First published in 1979, the book has run to four editions. Josephson worked closely over the years with European cardiac electrophysiology pioneer, chief of cardiology emeritus at the in Maastricht,. For over 30 years, they coached together at high-yield 'How to Approach Complex Arrhythmias' course for cardiologists and EP fellows. In the 2000s, they initiated an advanced course 'Intracardiac Unknowns' which was attended by almost all electrophysiology trainees in the USA for over 10 years. Awards [ ] Throughout his career Josephson won numerous awards.

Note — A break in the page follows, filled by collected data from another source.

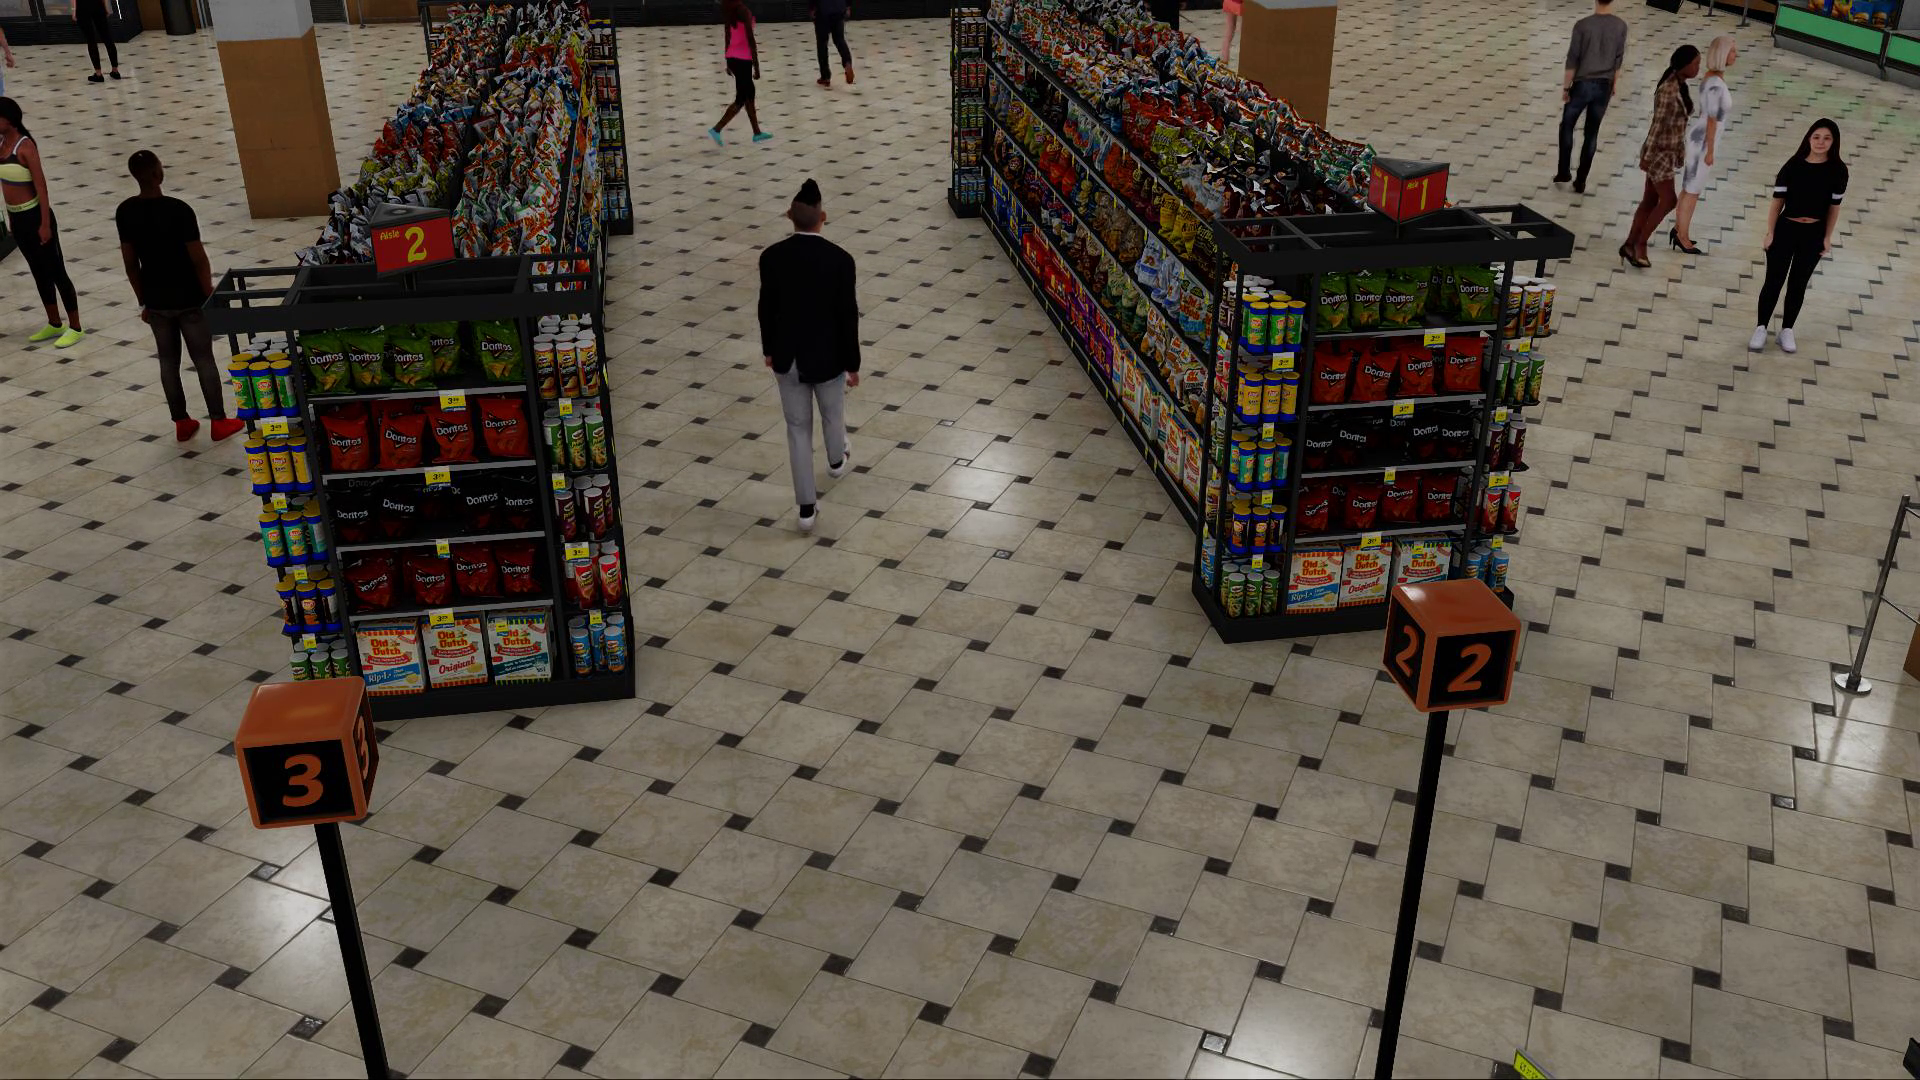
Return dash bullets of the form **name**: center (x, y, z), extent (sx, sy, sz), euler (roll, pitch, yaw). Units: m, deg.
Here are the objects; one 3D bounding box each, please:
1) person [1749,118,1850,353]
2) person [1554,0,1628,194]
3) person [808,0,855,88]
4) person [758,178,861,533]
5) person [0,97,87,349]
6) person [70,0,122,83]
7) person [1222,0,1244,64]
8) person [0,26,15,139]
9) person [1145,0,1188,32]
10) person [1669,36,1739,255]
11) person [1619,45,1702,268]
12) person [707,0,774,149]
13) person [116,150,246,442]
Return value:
- **person**: center (5.870, -2.132, 11.637), extent (0.704, 1.639, 0.724), euler (8, 28, 16)
- **person**: center (5.830, -4.136, 15.317), extent (0.789, 1.884, 0.786), euler (5, 27, 9)
- **person**: center (-1.496, -6.226, 19.524), extent (0.845, 1.806, 0.976), euler (-13, 30, -25)
- **person**: center (-0.835, -0.966, 9.041), extent (0.920, 1.907, 1.247), euler (2, 27, 3)
- **person**: center (-6.523, -2.242, 11.725), extent (0.642, 1.755, 0.685), euler (14, 30, 25)
- **person**: center (-10.440, -6.394, 19.959), extent (0.720, 1.713, 0.672), euler (20, 33, 34)
- **person**: center (3.280, -6.406, 19.956), extent (0.754, 1.737, 0.803), euler (23, 35, 38)
- **person**: center (-9.931, -4.858, 16.797), extent (0.809, 1.834, 0.811), euler (-9, 28, -17)
- **person**: center (2.504, -6.543, 20.298), extent (0.760, 1.671, 0.725), euler (2, 27, 5)
- **person**: center (6.145, -3.271, 13.758), extent (0.694, 1.752, 0.576), euler (7, 28, 14)
- **person**: center (5.507, -3.050, 13.293), extent (0.793, 1.777, 0.738), euler (21, 34, 35)
- **person**: center (-2.292, -4.801, 16.839), extent (1.018, 1.694, 1.087), euler (-23, 35, -37)
- **person**: center (-4.805, -1.479, 10.166), extent (0.670, 1.805, 0.588), euler (0, 27, 0)
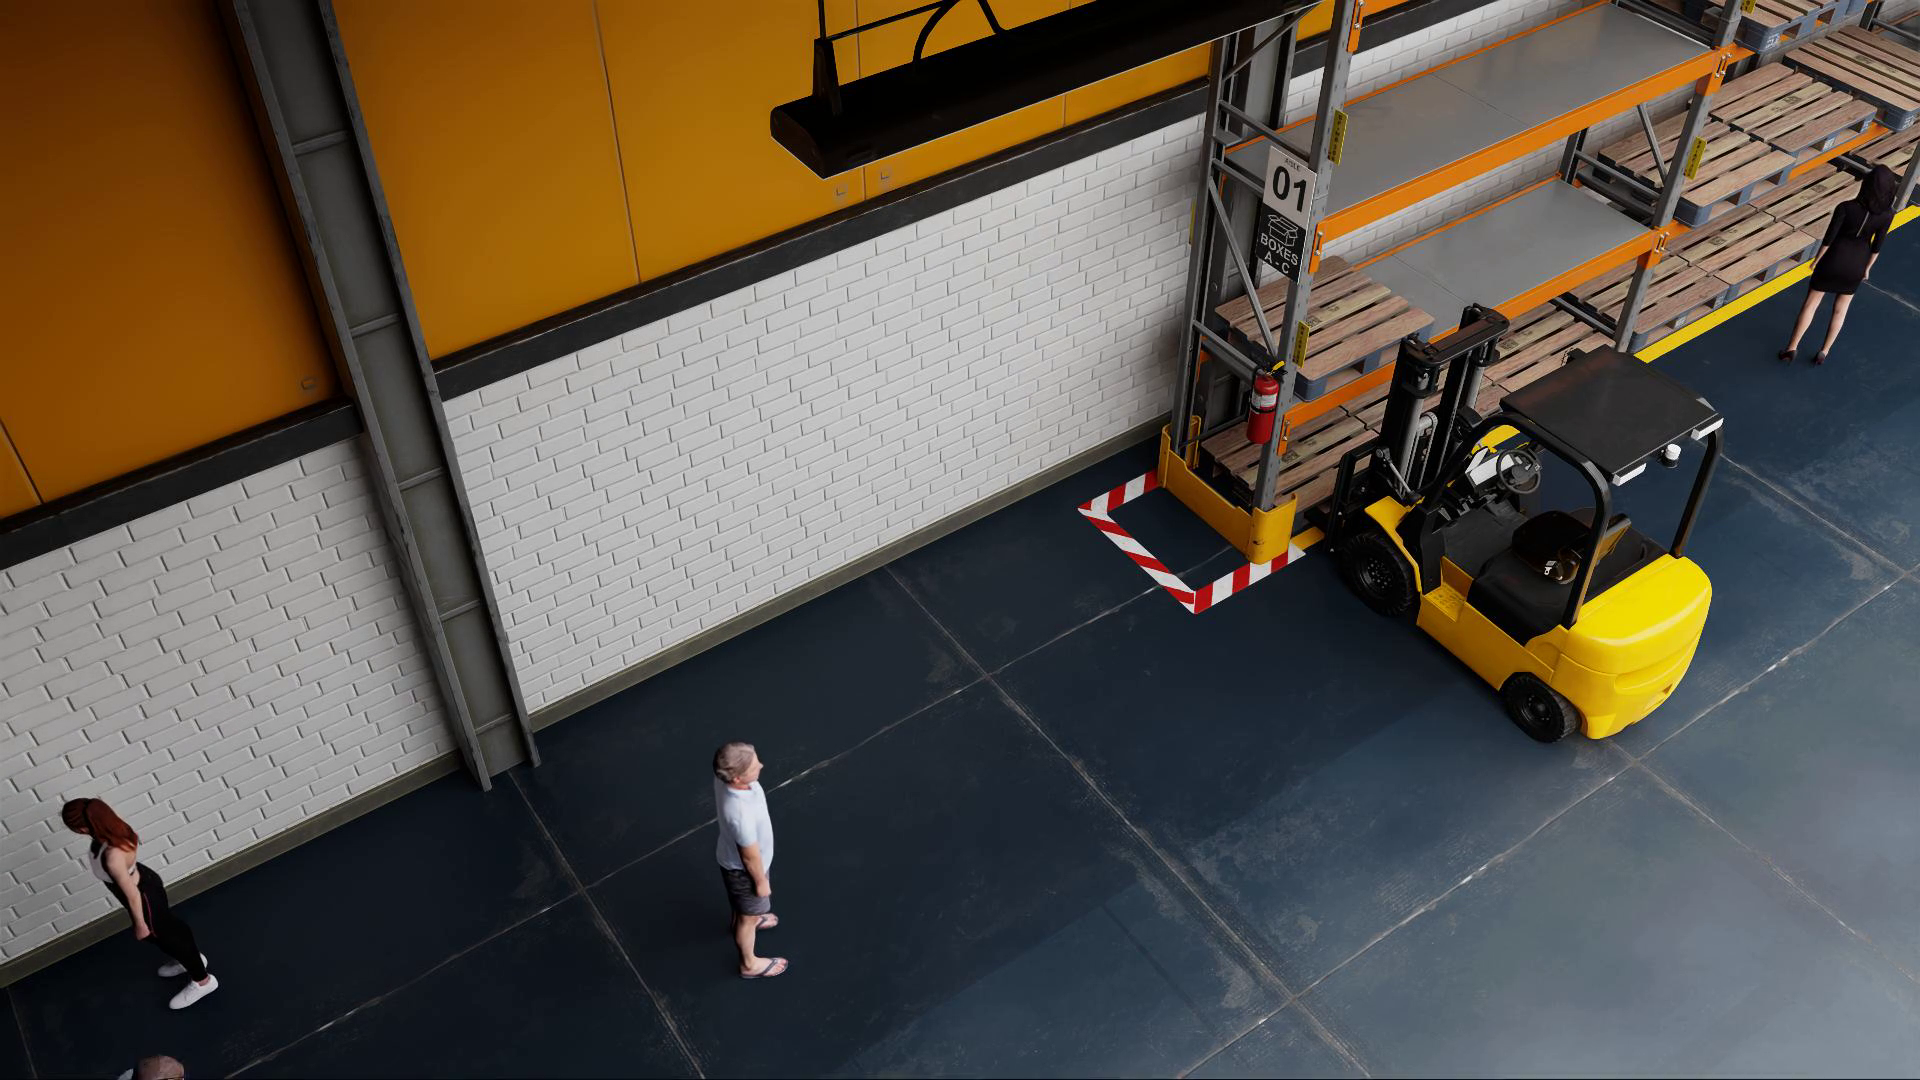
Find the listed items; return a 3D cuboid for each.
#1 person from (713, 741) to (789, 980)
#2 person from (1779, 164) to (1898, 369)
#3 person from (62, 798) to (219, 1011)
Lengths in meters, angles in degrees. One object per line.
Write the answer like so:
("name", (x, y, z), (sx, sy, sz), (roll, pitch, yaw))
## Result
("person", (-1.191, 1.718, 9.091), (0.681, 1.829, 0.704), (-8, 44, -8))
("person", (6.963, -2.139, 13.157), (0.648, 1.805, 0.685), (11, 45, 11))
("person", (-4.397, 1.917, 8.946), (0.537, 1.742, 0.597), (-21, 47, -21))
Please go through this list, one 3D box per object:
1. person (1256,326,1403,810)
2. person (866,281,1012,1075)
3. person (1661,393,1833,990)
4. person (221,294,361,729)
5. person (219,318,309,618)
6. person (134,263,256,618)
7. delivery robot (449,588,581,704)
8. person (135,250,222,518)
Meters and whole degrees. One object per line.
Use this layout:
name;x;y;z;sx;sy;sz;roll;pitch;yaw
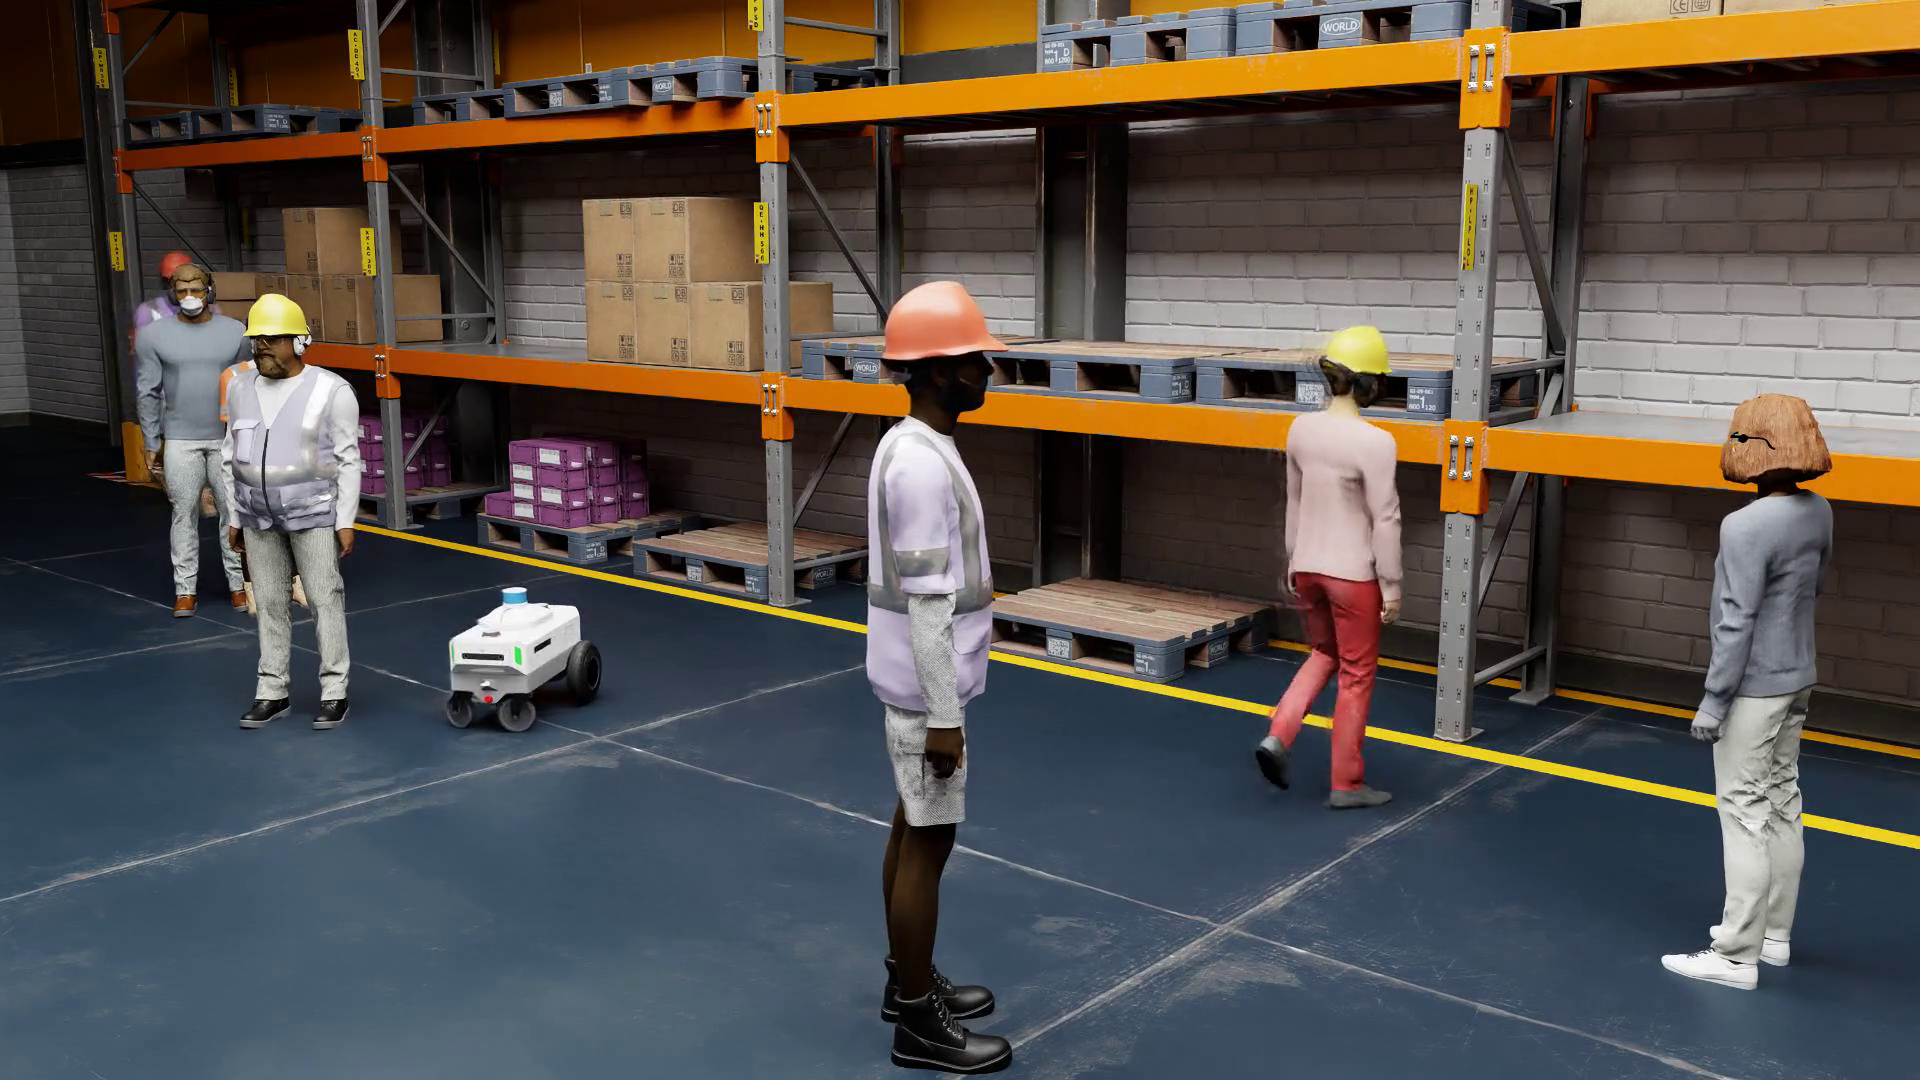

This includes the Career Achievement Award from the University of California San Francisco Medical School as well as the University Medal for Excellence from as well as the Distinguished Teacher Award. He has been given the Pioneer Award in Cardiac Pacing and Electrophysiology from the Heart Rhythm Society. He also received the 's Paul Dudley White Award and the Eugene Braunwald Academic Mentorship Award. Personal [ ] Josephson and his wife, Joan, married in 1967 and remained married until her death in June 2016. They had two children.

He died on January, 11 2017 from cancer. References [ ].